After finding the line with "38) traffic sign" in the data below, set down exactly each line through the one with "45) traffic sign from (57, 394) to (172, 477)", inclusive, and stop there.

[PROVIDED RECORDS Boundary: Start]

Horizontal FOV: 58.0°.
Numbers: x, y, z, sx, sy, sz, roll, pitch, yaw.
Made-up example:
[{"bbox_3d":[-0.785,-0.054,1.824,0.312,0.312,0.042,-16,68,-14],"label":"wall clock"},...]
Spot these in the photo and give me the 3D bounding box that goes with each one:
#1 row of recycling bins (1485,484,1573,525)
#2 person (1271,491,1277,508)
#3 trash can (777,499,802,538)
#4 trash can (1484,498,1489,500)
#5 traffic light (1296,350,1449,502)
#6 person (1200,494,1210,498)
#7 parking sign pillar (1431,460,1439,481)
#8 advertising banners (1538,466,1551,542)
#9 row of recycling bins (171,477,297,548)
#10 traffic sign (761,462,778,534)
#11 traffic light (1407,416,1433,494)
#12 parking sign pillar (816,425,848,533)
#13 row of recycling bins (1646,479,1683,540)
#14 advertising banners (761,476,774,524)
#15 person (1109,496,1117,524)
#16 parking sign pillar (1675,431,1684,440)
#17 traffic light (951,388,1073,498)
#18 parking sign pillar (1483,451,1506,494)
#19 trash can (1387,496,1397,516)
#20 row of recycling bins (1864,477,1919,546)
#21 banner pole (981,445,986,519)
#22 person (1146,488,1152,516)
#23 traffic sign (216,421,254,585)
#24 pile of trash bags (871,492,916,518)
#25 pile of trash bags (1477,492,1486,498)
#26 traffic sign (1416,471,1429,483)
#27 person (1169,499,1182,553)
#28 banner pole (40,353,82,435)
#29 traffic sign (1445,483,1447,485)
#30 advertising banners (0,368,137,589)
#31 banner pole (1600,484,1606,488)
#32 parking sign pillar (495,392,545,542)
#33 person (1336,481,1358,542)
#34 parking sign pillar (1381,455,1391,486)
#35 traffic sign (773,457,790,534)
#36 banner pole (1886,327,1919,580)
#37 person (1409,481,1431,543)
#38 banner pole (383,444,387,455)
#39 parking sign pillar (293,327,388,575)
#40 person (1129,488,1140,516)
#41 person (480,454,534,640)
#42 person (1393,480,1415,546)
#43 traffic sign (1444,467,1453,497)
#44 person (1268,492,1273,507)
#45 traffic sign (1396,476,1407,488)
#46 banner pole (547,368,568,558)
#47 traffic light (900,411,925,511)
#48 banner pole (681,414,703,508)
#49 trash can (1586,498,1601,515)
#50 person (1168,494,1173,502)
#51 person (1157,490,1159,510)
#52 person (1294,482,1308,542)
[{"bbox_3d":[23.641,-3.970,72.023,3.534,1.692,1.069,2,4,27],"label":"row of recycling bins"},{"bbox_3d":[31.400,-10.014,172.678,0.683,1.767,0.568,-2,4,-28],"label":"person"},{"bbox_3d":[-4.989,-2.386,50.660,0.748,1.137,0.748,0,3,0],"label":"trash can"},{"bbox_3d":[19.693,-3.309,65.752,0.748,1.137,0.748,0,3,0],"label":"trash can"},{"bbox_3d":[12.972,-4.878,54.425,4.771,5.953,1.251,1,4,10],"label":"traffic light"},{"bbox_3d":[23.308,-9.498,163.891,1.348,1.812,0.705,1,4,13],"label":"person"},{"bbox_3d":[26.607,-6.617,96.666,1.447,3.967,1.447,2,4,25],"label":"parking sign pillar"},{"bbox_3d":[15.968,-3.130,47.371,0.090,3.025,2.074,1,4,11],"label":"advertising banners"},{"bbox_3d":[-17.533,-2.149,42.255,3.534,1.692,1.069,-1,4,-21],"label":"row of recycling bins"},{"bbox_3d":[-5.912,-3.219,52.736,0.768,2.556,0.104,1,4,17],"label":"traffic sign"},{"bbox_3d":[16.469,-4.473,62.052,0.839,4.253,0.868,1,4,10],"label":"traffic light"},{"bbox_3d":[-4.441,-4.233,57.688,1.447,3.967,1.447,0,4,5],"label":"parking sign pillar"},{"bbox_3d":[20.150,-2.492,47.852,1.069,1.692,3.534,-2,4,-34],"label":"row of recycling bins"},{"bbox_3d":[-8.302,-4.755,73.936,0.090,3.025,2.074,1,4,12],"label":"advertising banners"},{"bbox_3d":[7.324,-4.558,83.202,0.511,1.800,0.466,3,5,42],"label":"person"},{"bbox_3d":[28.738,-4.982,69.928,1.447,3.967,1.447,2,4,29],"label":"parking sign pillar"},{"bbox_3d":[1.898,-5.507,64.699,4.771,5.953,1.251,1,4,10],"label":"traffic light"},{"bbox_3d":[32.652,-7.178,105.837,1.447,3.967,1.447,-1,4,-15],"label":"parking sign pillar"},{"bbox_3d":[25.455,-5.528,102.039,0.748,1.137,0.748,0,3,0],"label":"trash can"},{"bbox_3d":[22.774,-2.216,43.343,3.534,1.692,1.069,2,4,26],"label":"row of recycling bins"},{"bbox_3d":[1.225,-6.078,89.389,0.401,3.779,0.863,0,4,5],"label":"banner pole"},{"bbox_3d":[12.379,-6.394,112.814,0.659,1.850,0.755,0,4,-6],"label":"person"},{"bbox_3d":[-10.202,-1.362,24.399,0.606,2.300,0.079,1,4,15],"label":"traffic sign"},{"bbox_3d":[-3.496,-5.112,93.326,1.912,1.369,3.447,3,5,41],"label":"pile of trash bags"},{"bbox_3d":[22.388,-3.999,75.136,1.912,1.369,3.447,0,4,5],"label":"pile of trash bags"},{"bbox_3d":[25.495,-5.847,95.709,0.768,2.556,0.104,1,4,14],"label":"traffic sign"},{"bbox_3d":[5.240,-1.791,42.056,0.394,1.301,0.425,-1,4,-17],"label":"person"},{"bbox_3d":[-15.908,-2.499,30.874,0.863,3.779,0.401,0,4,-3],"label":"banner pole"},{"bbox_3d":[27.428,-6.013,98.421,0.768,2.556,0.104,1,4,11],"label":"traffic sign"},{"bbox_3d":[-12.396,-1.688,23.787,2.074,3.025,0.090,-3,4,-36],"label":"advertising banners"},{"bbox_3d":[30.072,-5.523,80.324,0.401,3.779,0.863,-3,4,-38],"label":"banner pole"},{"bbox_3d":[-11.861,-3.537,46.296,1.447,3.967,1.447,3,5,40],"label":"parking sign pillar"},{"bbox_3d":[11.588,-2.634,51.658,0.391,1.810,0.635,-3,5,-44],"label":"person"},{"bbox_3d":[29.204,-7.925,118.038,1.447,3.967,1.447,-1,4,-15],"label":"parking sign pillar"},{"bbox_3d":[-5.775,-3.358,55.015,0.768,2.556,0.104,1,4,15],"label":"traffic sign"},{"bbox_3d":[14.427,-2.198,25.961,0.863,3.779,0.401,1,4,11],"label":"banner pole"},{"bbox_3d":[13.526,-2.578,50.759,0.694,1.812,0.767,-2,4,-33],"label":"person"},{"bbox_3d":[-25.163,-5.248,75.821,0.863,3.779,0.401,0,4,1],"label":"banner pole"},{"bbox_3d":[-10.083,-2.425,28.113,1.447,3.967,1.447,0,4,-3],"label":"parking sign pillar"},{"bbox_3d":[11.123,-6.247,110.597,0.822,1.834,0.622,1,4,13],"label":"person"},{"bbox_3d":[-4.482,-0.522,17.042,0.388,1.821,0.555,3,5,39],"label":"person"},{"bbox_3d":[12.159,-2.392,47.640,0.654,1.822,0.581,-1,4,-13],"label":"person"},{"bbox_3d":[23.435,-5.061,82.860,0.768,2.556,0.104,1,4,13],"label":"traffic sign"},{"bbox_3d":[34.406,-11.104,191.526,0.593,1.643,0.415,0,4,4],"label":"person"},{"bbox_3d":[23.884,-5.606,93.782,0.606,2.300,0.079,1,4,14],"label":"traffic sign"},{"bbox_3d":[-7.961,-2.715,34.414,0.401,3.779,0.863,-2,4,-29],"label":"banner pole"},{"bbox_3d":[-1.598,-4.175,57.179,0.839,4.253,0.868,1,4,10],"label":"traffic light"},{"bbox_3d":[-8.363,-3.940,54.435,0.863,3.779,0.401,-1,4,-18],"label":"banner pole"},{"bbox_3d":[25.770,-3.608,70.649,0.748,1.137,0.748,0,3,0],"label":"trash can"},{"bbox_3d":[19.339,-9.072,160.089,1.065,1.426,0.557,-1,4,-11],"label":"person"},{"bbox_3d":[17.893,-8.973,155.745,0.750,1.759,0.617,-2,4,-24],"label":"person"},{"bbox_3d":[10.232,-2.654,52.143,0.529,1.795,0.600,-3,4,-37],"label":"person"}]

[PROVIDED RECORDS Boundary: End]
[PROVIDED RECORDS Boundary: Start]

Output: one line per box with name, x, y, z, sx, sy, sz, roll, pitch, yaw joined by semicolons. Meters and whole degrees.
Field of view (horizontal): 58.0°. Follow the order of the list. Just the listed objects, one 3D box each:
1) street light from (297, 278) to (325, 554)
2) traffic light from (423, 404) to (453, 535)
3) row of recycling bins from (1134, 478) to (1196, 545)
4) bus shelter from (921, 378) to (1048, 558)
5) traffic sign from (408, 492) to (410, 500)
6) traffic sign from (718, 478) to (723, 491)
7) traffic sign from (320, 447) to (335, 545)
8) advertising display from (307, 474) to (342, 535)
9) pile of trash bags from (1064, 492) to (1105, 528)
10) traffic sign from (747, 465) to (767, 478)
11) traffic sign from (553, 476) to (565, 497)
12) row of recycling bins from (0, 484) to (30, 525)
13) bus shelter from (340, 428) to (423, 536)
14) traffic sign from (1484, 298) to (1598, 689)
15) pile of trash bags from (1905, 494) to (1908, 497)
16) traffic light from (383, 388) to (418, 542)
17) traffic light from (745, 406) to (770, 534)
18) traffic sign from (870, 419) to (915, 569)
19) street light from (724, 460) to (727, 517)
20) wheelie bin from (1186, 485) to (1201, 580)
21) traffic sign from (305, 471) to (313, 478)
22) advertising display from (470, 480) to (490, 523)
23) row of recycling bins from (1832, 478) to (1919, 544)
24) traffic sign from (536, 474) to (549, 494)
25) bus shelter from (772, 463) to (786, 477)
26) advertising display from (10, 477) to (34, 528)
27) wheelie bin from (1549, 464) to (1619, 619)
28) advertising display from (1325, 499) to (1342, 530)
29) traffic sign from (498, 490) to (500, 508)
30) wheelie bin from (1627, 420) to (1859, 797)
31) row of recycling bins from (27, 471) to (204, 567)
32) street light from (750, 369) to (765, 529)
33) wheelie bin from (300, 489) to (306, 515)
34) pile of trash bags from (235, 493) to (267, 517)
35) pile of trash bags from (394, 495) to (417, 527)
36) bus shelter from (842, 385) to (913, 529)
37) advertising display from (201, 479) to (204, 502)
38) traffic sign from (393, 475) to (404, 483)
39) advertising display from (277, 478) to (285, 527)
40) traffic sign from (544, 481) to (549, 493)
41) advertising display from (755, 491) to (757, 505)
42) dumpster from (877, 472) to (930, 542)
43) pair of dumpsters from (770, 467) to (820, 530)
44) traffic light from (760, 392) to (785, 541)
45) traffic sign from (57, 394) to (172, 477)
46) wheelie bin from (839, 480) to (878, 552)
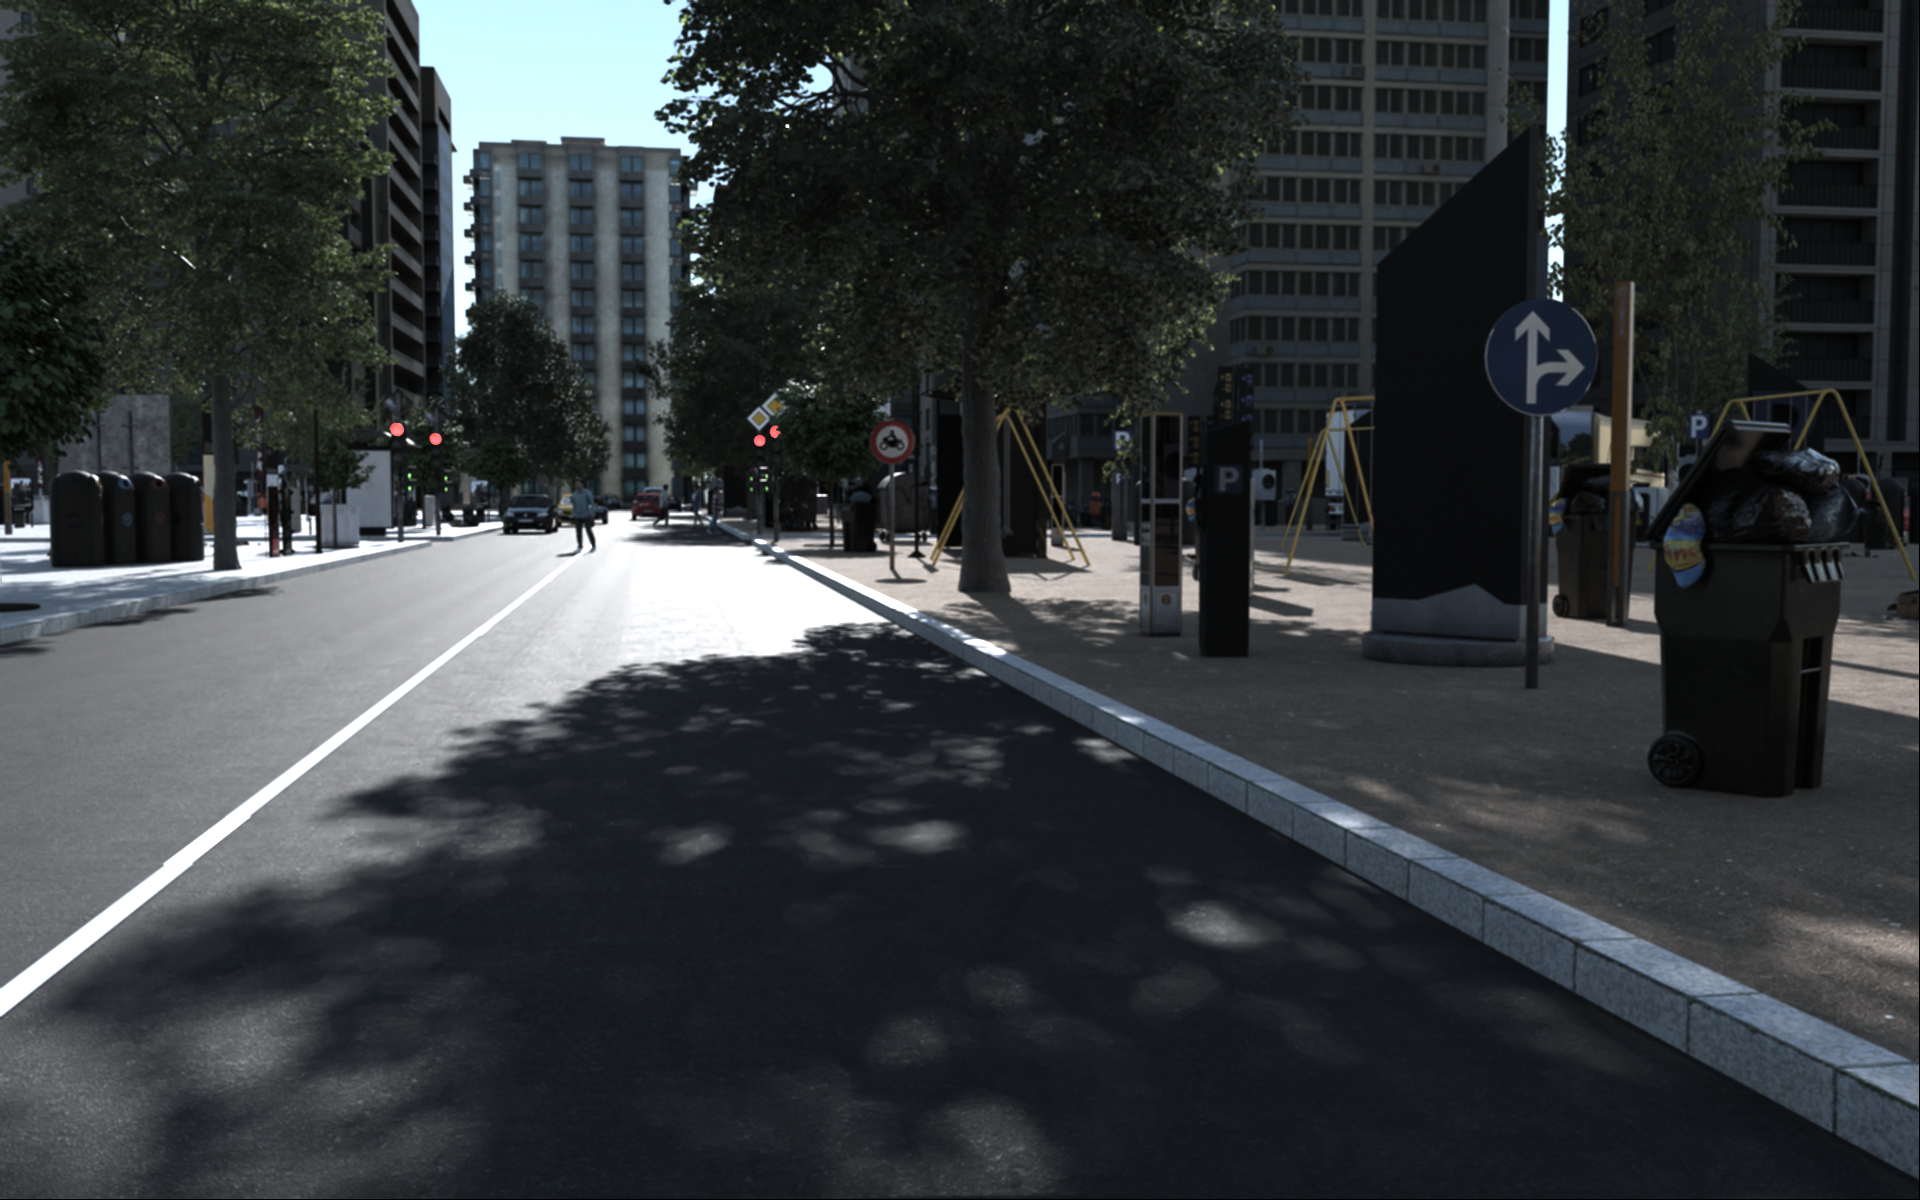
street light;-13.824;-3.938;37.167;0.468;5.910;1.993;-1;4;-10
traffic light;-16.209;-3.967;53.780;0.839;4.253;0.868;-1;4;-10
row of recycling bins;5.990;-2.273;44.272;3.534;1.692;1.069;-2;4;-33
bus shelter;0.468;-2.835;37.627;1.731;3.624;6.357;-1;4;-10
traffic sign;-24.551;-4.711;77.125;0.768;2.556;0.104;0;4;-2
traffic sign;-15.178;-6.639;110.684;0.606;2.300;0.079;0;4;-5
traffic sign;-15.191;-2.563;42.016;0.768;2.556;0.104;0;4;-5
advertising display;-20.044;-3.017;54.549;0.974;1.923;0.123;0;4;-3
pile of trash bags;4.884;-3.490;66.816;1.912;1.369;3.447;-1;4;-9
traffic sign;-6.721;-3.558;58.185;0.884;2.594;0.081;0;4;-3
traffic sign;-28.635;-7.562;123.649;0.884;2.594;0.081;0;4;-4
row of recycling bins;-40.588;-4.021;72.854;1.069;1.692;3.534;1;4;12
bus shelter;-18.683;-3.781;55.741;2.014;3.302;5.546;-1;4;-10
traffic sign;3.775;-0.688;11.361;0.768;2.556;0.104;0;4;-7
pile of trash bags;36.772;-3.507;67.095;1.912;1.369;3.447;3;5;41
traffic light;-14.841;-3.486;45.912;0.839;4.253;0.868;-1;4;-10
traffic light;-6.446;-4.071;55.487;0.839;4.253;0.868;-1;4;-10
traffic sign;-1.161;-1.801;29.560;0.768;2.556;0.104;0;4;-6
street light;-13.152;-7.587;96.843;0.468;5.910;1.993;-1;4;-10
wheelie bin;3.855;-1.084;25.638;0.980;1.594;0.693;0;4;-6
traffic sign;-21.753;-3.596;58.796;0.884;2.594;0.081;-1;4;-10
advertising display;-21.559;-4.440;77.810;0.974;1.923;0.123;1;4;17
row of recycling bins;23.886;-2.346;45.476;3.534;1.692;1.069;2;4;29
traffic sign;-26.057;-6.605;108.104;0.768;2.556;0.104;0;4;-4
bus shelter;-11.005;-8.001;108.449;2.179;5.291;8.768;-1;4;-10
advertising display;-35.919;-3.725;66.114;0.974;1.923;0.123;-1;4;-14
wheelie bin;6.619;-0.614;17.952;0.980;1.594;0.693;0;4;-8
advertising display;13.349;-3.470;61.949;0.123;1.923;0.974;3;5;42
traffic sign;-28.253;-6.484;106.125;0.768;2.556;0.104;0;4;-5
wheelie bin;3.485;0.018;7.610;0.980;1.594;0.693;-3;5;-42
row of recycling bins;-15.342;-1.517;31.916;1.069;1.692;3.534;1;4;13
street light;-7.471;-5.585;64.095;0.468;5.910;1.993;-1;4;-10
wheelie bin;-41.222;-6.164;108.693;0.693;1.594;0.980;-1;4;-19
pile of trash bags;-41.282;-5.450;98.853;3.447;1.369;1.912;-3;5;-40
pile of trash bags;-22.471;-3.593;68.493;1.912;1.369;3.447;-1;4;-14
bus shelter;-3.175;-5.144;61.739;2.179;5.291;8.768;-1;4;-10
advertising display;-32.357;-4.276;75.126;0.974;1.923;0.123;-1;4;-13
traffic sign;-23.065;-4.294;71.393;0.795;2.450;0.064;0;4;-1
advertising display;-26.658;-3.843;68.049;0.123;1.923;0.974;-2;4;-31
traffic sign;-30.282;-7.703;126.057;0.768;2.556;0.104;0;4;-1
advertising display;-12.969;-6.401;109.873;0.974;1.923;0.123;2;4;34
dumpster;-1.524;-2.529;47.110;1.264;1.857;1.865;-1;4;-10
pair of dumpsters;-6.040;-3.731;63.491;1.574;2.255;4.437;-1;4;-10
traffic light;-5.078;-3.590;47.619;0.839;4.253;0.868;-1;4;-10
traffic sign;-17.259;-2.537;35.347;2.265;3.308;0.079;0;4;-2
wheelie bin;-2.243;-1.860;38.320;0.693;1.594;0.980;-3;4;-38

[PROVIDED RECORDS Boundary: End]

- RESPONSE BOX -
38) traffic sign from (393, 475) to (404, 483)
39) advertising display from (277, 478) to (285, 527)
40) traffic sign from (544, 481) to (549, 493)
41) advertising display from (755, 491) to (757, 505)
42) dumpster from (877, 472) to (930, 542)
43) pair of dumpsters from (770, 467) to (820, 530)
44) traffic light from (760, 392) to (785, 541)
45) traffic sign from (57, 394) to (172, 477)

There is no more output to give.